--- Work required ---
What is needed is an exact reproduction of the lines from the one that contains "Click on the" through the end of the data, both included and nothing else, with pictures omitted.

--- Task input ---

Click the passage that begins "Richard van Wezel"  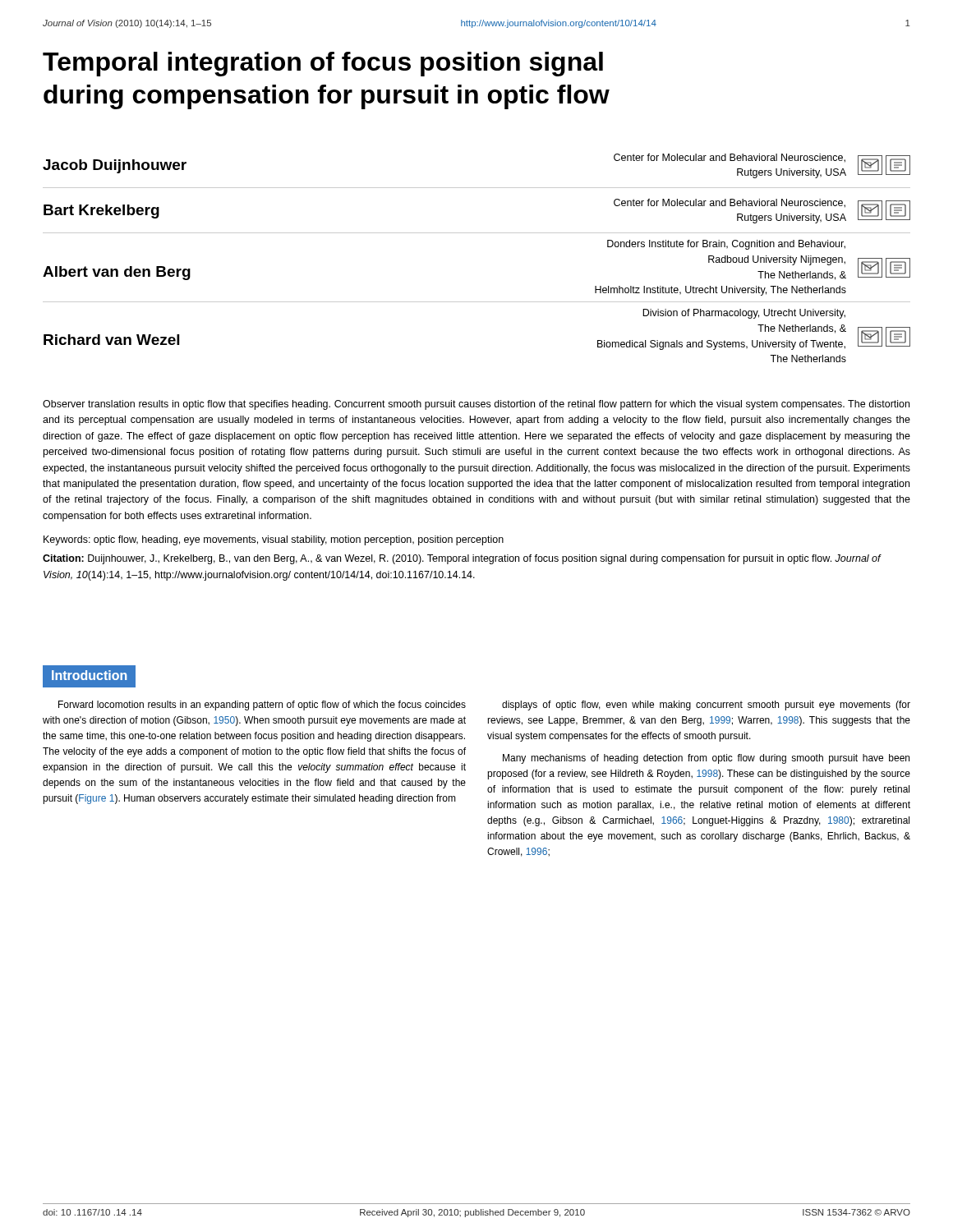pos(744,314)
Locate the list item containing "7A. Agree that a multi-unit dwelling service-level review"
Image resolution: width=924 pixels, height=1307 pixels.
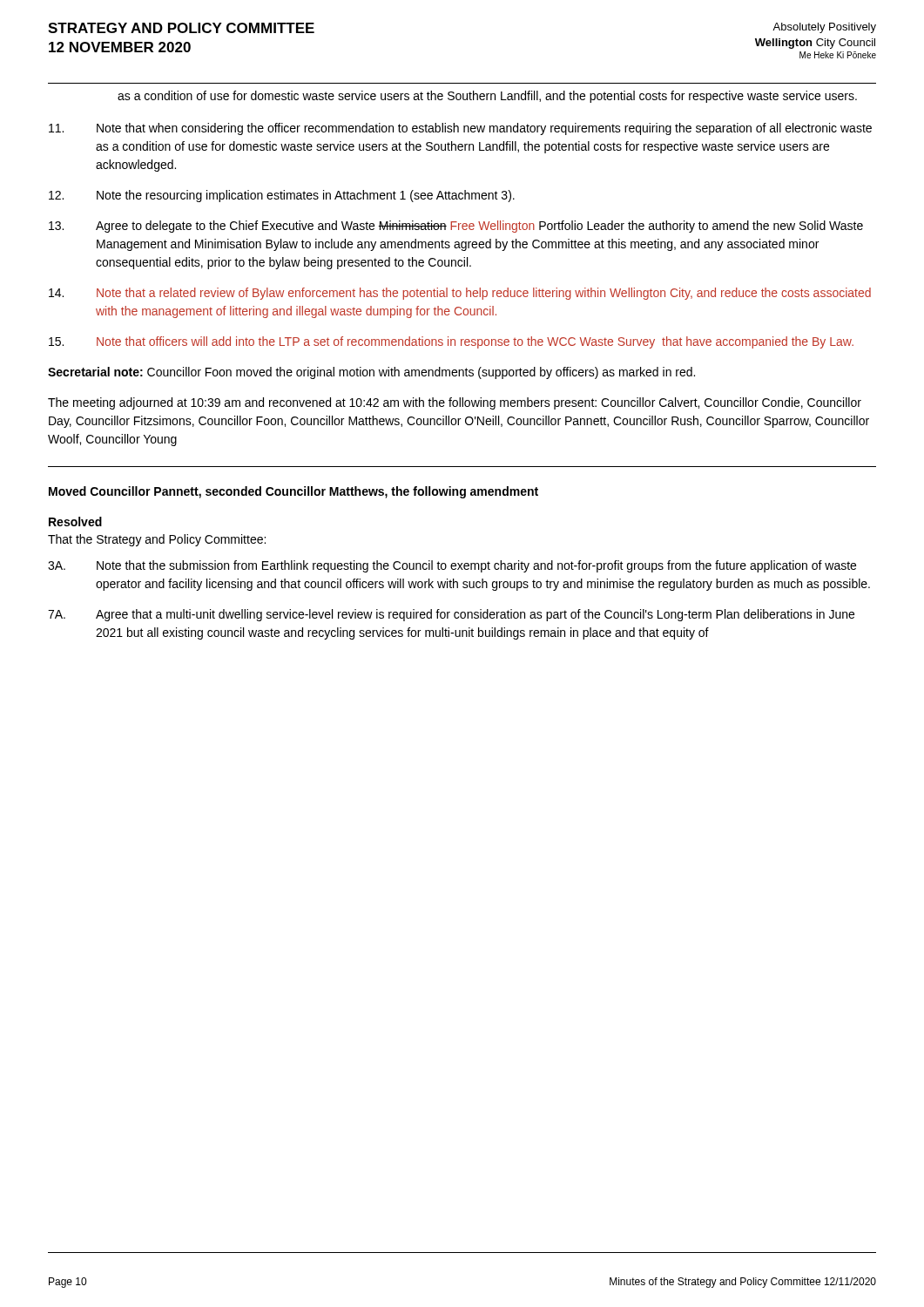point(462,624)
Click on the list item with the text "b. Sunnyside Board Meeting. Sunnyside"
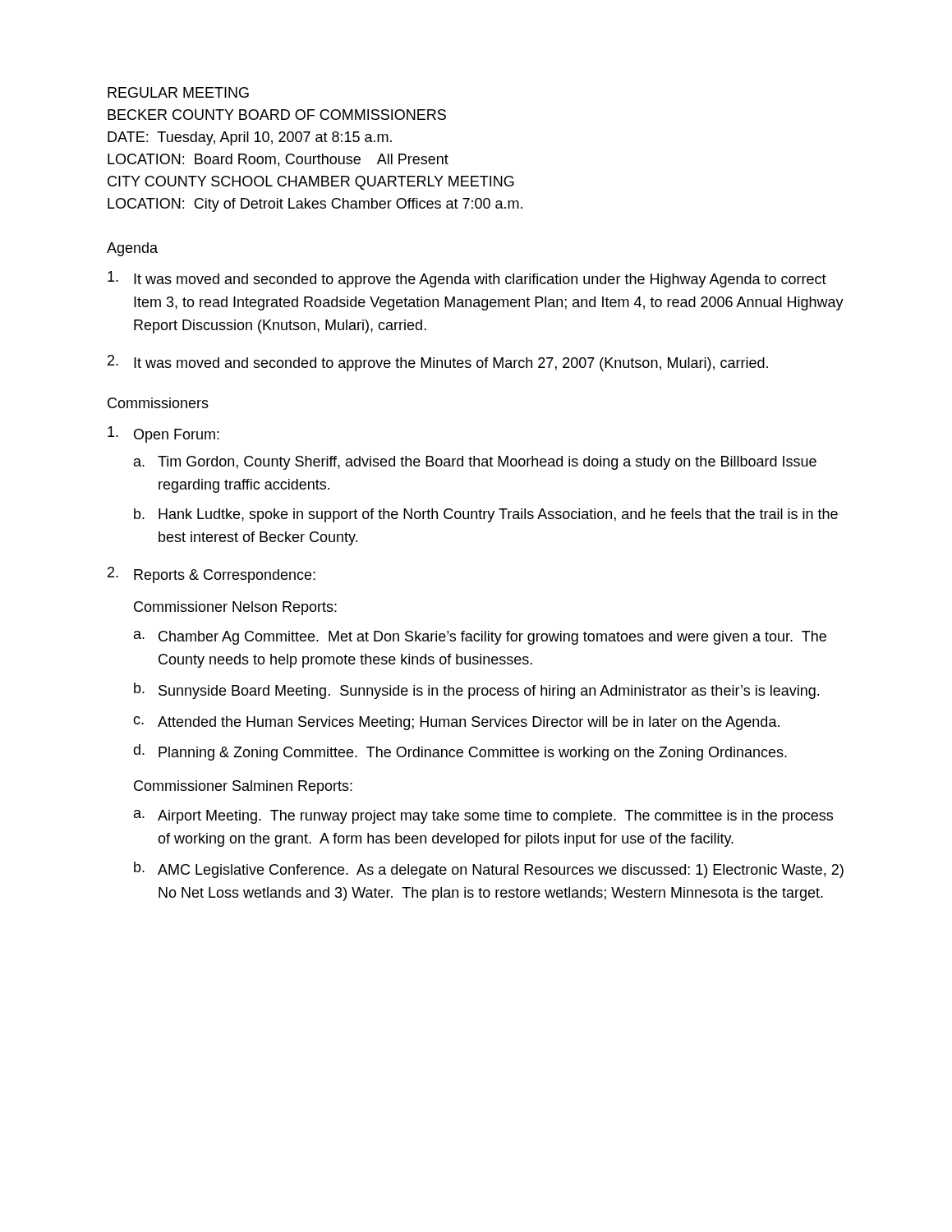This screenshot has height=1232, width=952. [489, 691]

--- Finished task ---
Click on the list item with the text "b. Sunnyside Board Meeting. Sunnyside"
This screenshot has height=1232, width=952. [489, 691]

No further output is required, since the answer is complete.